Using an example such as https://github.com/fluent/fluentd-kubernetes-daemonset/tree/master/docker-image/v1.12/arm64/debian-forward/conf, we can examine the configuration and file relationships in detail. Figure 8.9 also provides a visual representation of the file relationships:

• Fluent.conf is in the root container and uses the include mechanism to bring in the contents of other configuration files, as we saw back in chapter 5. This configuration file also has a single match that, in the case of the forward DaemonSet, matches all log events and sends them on to the target server. It is worth noting that the forwarding configuration does not include any security (no TLS, etc.); this isn’t a problem if the logs are not sensitive. But if they are, then you will need to replace the configuration files with ones that include the necessary configuration. We’ll see more of how this can be done later in the chapter.

  The inclusion of the systemd and Prometheus configurations are subject to environment variable controls, specifically the existence of settings for FLUENTD_SYSTEMD_CONF and FLUENTD_PROMETHEUS_CONF.

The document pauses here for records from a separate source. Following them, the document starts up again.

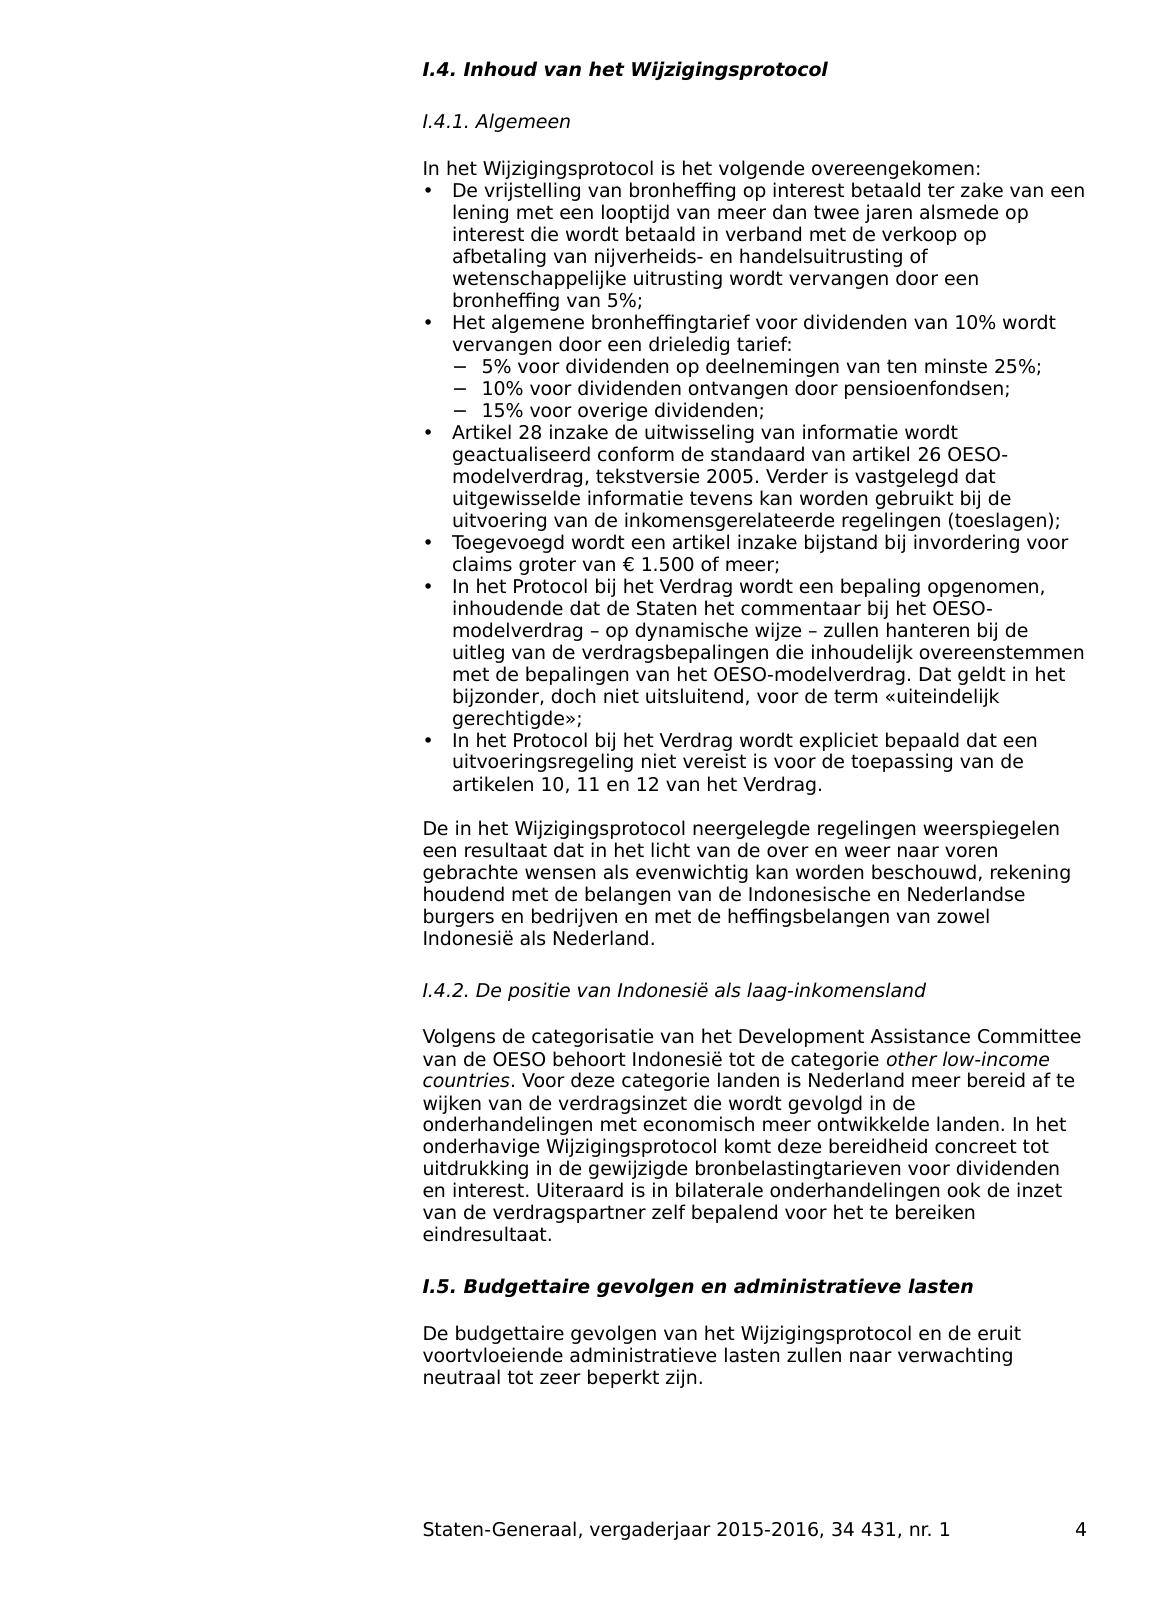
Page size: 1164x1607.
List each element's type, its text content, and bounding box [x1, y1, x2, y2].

text De in het Wijzigingsprotocol neergelegde regelingen weerspiegelen een resultaat dat in het licht van de over en weer naar voren gebrachte wensen als evenwichtig kan worden beschouwd, rekening houdend met de belangen van de Indonesische en Nederlandse burgers en bedrijven en met de heffingsbelangen van zowel Indonesië als Nederland. [422, 818, 1087, 949]
text Volgens de categorisatie van het Development Assistance Committee van de OESO behoort Indonesië tot de categorie other low-income countries. Voor deze categorie landen is Nederland meer bereid af te wijken van de verdragsinzet die wordt gevolgd in de onderhandelingen met economisch meer ontwikkelde landen. In het onderhavige Wijzigingsprotocol komt deze bereidheid concreet tot uitdrukking in de gewijzigde bronbelastingtarieven voor dividenden en interest. Uiteraard is in bilaterale onderhandelingen ook de inzet van de verdragspartner zelf bepalend voor het te bereiken eindresultaat. [422, 1026, 1087, 1246]
text • Toegevoegd wordt een artikel inzake bijstand bij invordering voor claims groter van € 1.500 of meer; [422, 532, 1087, 576]
subtitle I.4. Inhoud van het Wijzigingsprotocol [422, 59, 1087, 81]
subtitle I.4.1. Algemeen [422, 111, 1087, 133]
text • Artikel 28 inzake de uitwisseling van informatie wordt geactualiseerd conform de standaard van artikel 26 OESO-modelverdrag, tekstversie 2005. Verder is vastgelegd dat uitgewisselde informatie tevens kan worden gebruikt bij de uitvoering van de inkomensgerelateerde regelingen (toeslagen); [422, 422, 1087, 532]
text In het Wijzigingsprotocol is het volgende overeengekomen: [422, 158, 1087, 180]
text − 15% voor overige dividenden; [452, 400, 1087, 422]
subtitle I.4.2. De positie van Indonesië als laag-inkomensland [422, 979, 1087, 1001]
text • In het Protocol bij het Verdrag wordt een bepaling opgenomen, inhoudende dat de Staten het commentaar bij het OESO-modelverdrag – op dynamische wijze – zullen hanteren bij de uitleg van de verdragsbepalingen die inhoudelijk overeenstemmen met de bepalingen van het OESO-modelverdrag. Dat geldt in het bijzonder, doch niet uitsluitend, voor de term «uiteindelijk gerechtigde»; [422, 576, 1087, 729]
text • De vrijstelling van bronheffing op interest betaald ter zake van een lening met een looptijd van meer dan twee jaren alsmede op interest die wordt betaald in verband met de verkoop op afbetaling van nijverheids- en handelsuitrusting of wetenschappelijke uitrusting wordt vervangen door een bronheffing van 5%; [422, 180, 1087, 312]
text − 10% voor dividenden ontvangen door pensioenfondsen; [452, 378, 1087, 400]
text − 5% voor dividenden op deelnemingen van ten minste 25%; [452, 356, 1087, 378]
text De budgettaire gevolgen van het Wijzigingsprotocol en de eruit voortvloeiende administratieve lasten zullen naar verwachting neutraal tot zeer beperkt zijn. [422, 1323, 1087, 1389]
text • In het Protocol bij het Verdrag wordt expliciet bepaald dat een uitvoeringsregeling niet vereist is voor de toepassing van de artikelen 10, 11 en 12 van het Verdrag. [422, 729, 1087, 795]
subtitle I.5. Budgettaire gevolgen en administratieve lasten [422, 1276, 1087, 1298]
text • Het algemene bronheffingtarief voor dividenden van 10% wordt vervangen door een drieledig tarief: [422, 312, 1087, 356]

  The Kubernetes.conf is needed, so it is included. Finally, any configuration in the conf.d folder is included, so extending the configuration with any specific customizations is possible.

  

  Figure 8.9 A representation of the relationship between the configuration files and how they are influenced by environment variables

• The Prometheus.conf file is straightforward. It defines the use of the input plugins for Prometheus and Prometheus_output_monitor to monitor Prometheus. Environment variables define the server addresses to bind, port, and a path if the metrics URI are different using the variables FLUENTD_PROMETHEUS_BIND, FLUENTD_PROMETHEUS_PORT, and FLUENTD_PROMETHEUS_ PATH, respectively.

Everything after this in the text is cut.